Filed Under: Uncategorized Tagged With: American Renaissance, Bruce Lee, dysgenic fertility, dysgenic immigration, eugenics, great replacement, Grégoire Canlorbe, Ludwig von Mises, Michael A. Woodley of Menie, Richard Lynn

A conversation with Greg Johnson, for American Renaissance

A conversation with Greg Johnson, for American Renaissance

by Grégoire Canlorbe · Déc 9, 2018

Greg Johnson  Greg Johnson, Ph.D., is editor-in-chief of Counter-Currents Publishing, and editor of North American New Right. He is the author nine books, including Confessions of a Reluctant Hater; New Right vs. Old Right; Truth, Justice, and a Nice White Country; In Defense of Prejudice; You Asked for It; The White Nationalist Manifesto; and the soon-to-be-released Toward a New Nationalism. He is also the editor of many volumes; the latest is a comprehensive anthology called The Alternative Right. The following conversation was first published on American Renaissance, in a slightly abridged version.

  Grégoire Canlorbe: How do you move from traditionalist nationalism (i.e., restoring the Indo-European warlike and sacerdotal order) to white nationalism (i.e., protecting white identity)?

  Greg Johnson: I am more of an archeofuturist than a traditionalist on these sorts of matters.

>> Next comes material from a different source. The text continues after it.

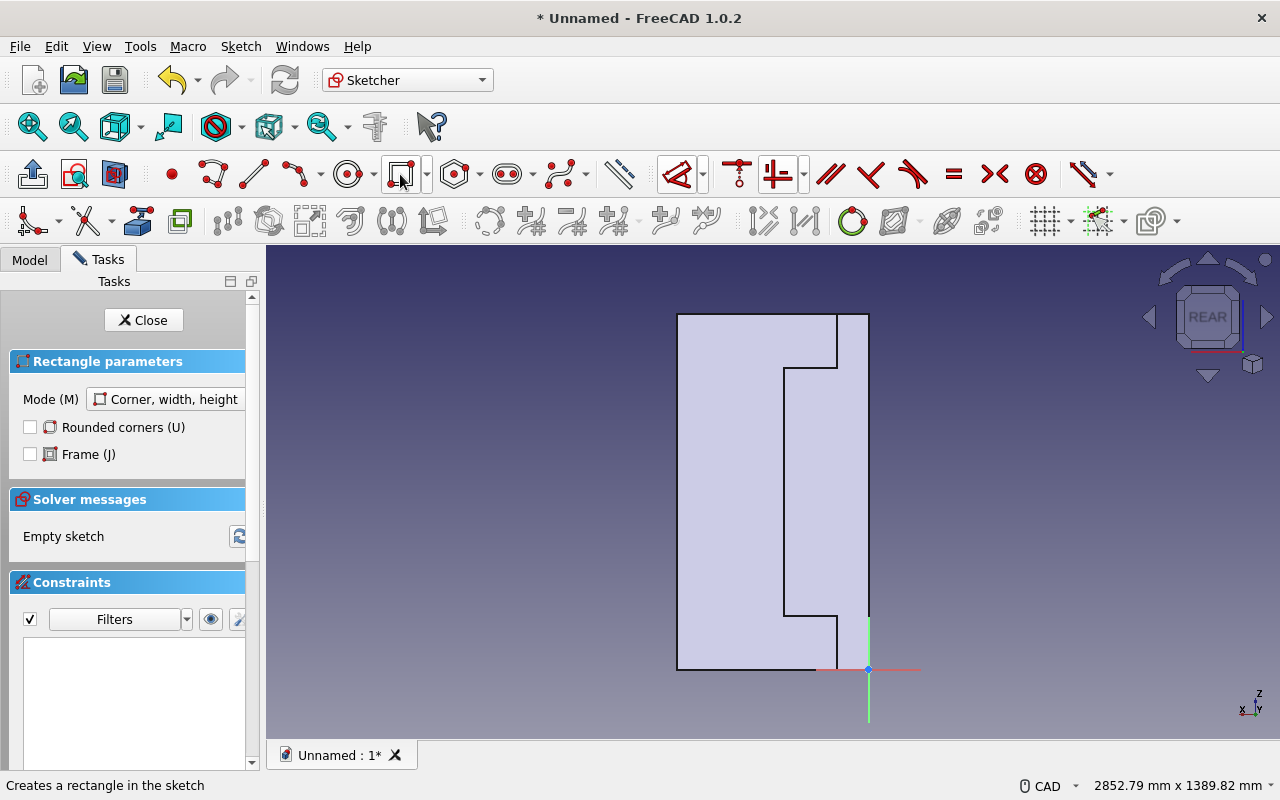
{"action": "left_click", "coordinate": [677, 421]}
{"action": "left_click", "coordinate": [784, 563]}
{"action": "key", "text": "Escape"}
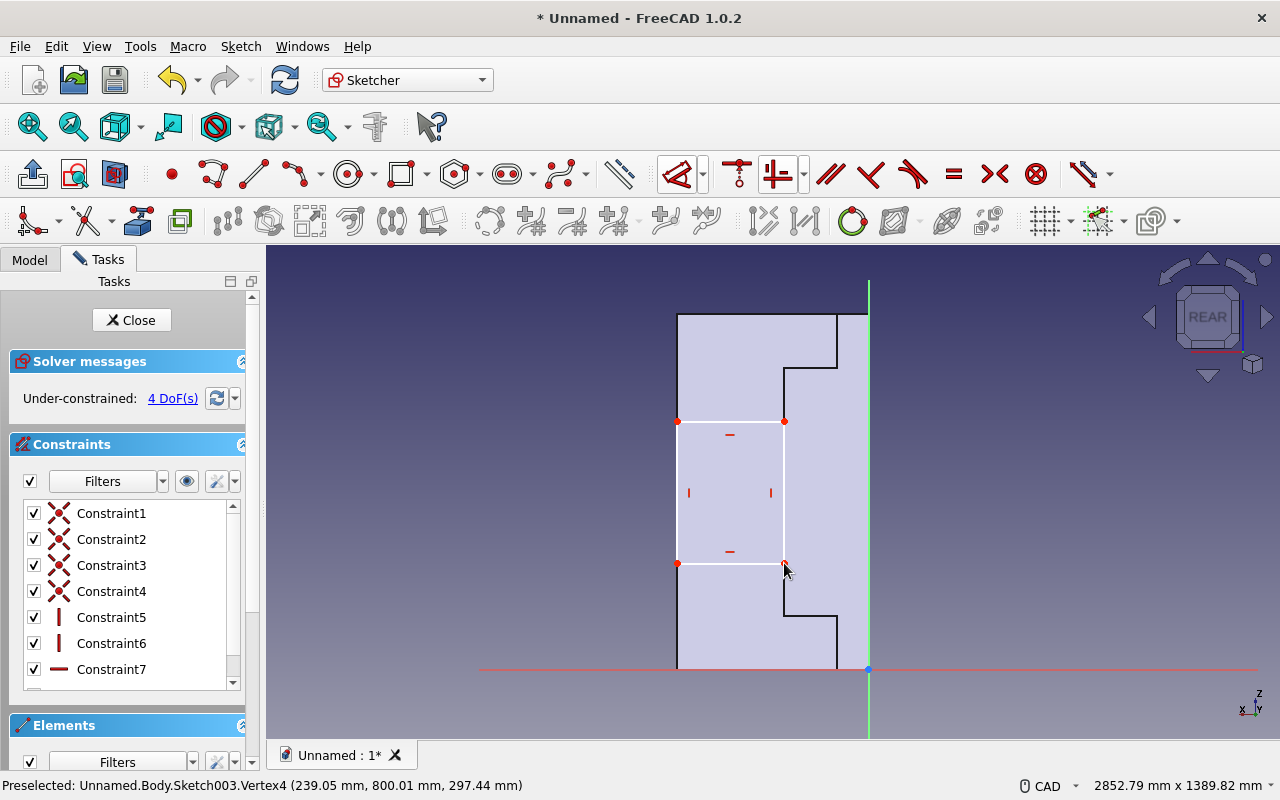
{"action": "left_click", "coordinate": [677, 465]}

I think we need to bring back certain archaic values—ethnocentrism and a warrior rather than bourgeois ethos—and infuse them into modern institutions, such as the Westphalian sovereign ethnostate.

  But I am not really interested in restoring an old warlike and sacerdotal order. What would that even entail? Restoring monarchies and state churches? At best, those are only approximations—images or symbols—of larger truths about society and the cosmos. They are certainly not viable political solutions for the problems facing white peoples today.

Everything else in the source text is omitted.